Created on 2002-07-11 21:45 by orenti, last changed 2022-04-10 16:05 by admin. This issue is now closed.

Files
File name	Uploaded	Description	Edit
xreadlinescache.patch	orenti, 2002-07-11 21:45
xreadlinescache2.patch	orenti, 2002-07-16 05:26
fileiterreadahead.patch	orenti, 2002-08-05 06:27
fileiterreadahead2.patch	orenti, 2002-08-05 20:01
fileiterreadahead3.patch	orenti, 2002-08-06 05:03	xreadlines just return self now

Messages (15)
msg40543 - (view)	Author: Oren Tirosh (orenti)	Date: 2002-07-11 21:45
Calling f.xreadlines() multiple times returns the same xreadlines object. A file is an iterator - __iter__() returns self and next() calls the cached xreadlines object's next method.

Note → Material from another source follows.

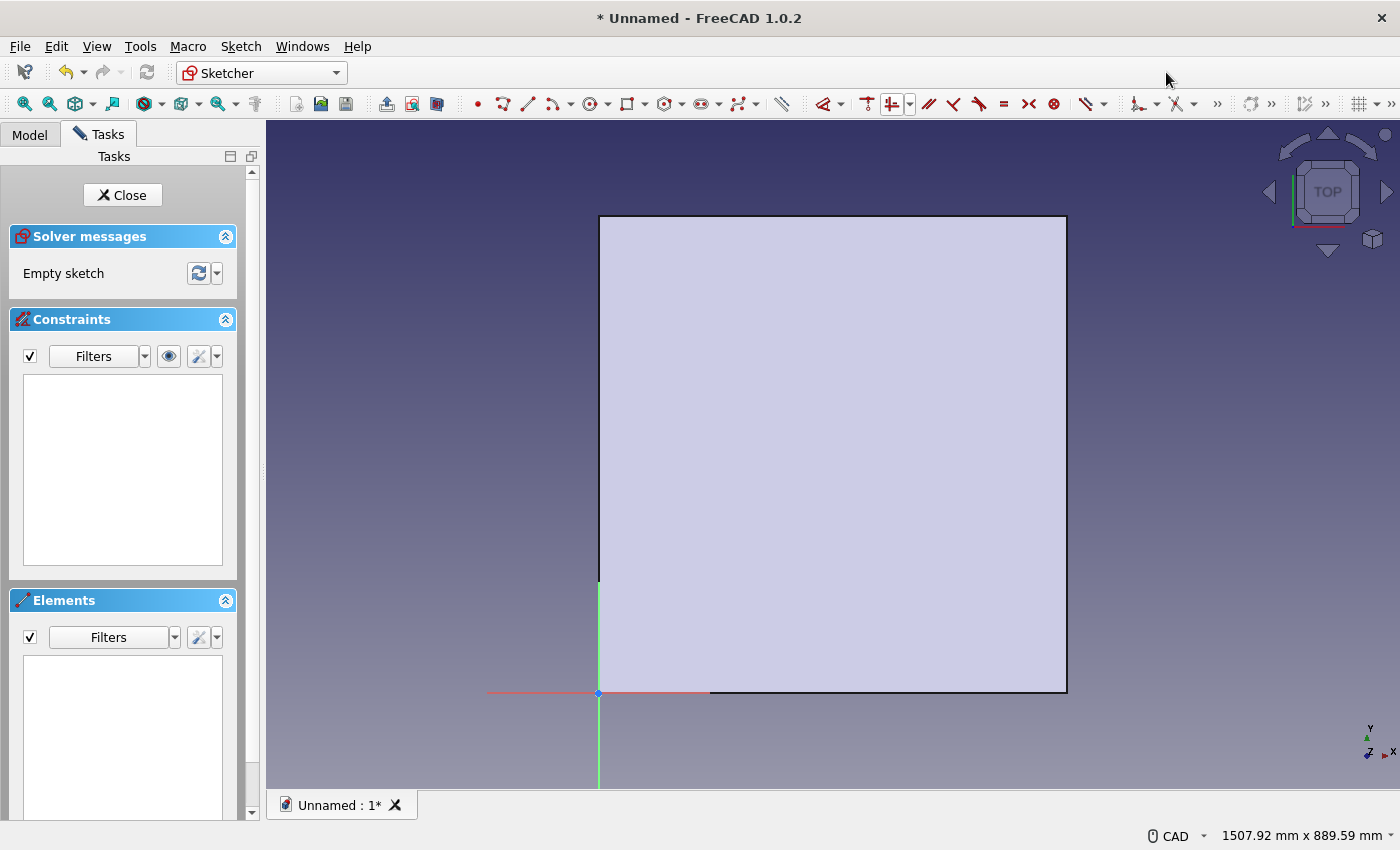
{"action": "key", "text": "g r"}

msg40544 - (view)	Author: Guido van Rossum (gvanrossum) *	Date: 2002-07-15 14:38
Logged In: YES user_id=6380 I posted some comments to python-dev.
msg40545 - (view)	Author: Oren Tirosh (orenti)	Date: 2002-07-16 05:26
Logged In: YES user_id=562624 Now invalidates cache on a seek.

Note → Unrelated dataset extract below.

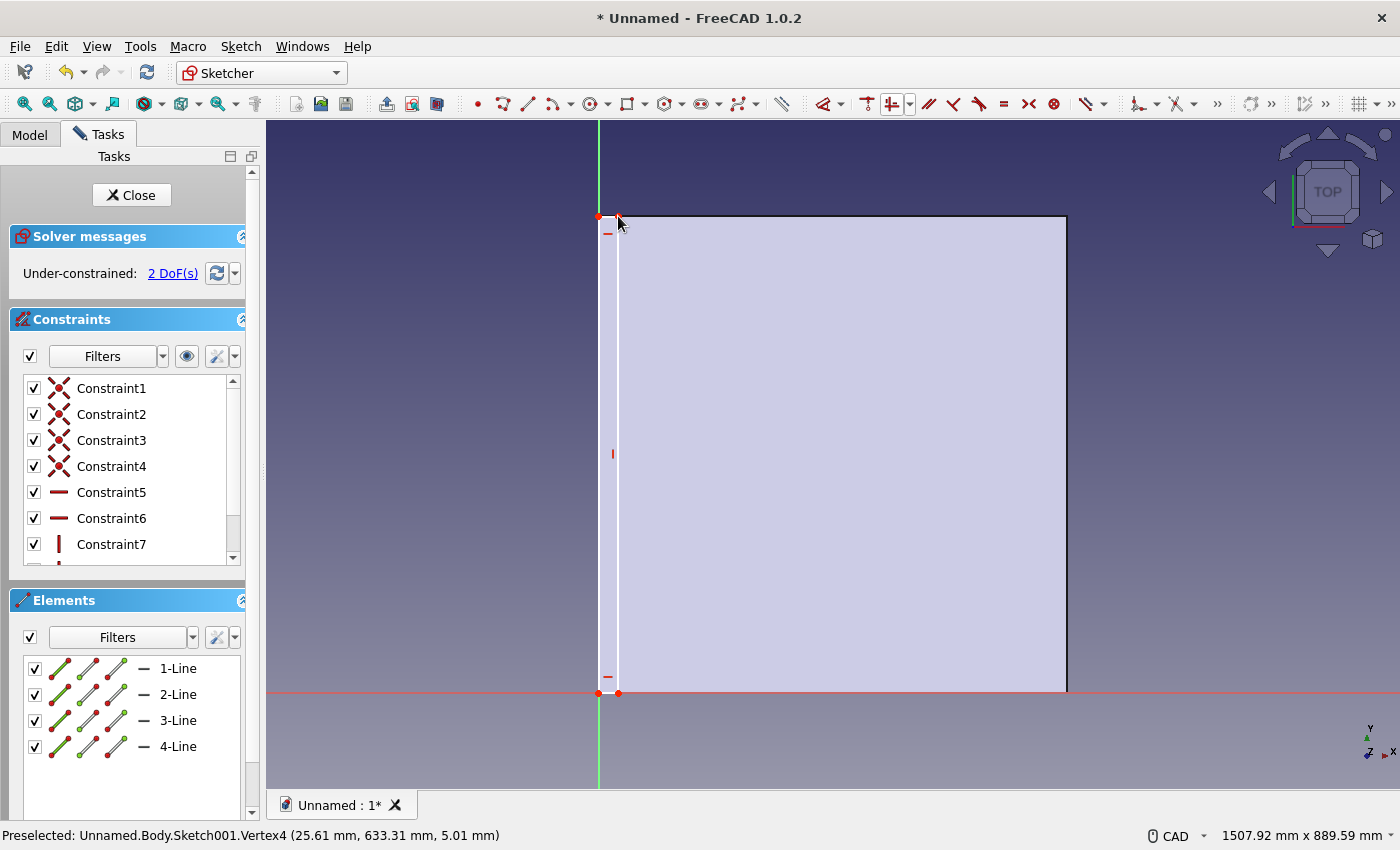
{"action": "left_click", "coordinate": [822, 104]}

msg40546 - (view)	Author: Guido van Rossum (gvanrossum) *	Date: 2002-07-17 01:33
Logged In: YES user_id=6380 I'm reviewing this and will check it in, or something like it (probably).
msg40547 - (view)	Author: Guido van Rossum (gvanrossum) *	Date: 2002-07-17 17:50
Logged In: YES user_id=6380 Alas, there's a fatal flaw. The file object and the xreadlines object now both have pointers to each other, creating an unbreakable cycle (since neither participates in GC). Weak refs can't be used to resolve this dilemma. I personally think that's enough to just stick with the status quo (I was never more than +0 on the idea of making the file an interator anyway). But I'll leave it to Oren to come up with another hack (please use this same SF patch). Oren, if you'd like to give up, please say so and I'll close the item in a jiffy. In fact, I positively encourage you to give up. But I don't expect you to take this offer. :-)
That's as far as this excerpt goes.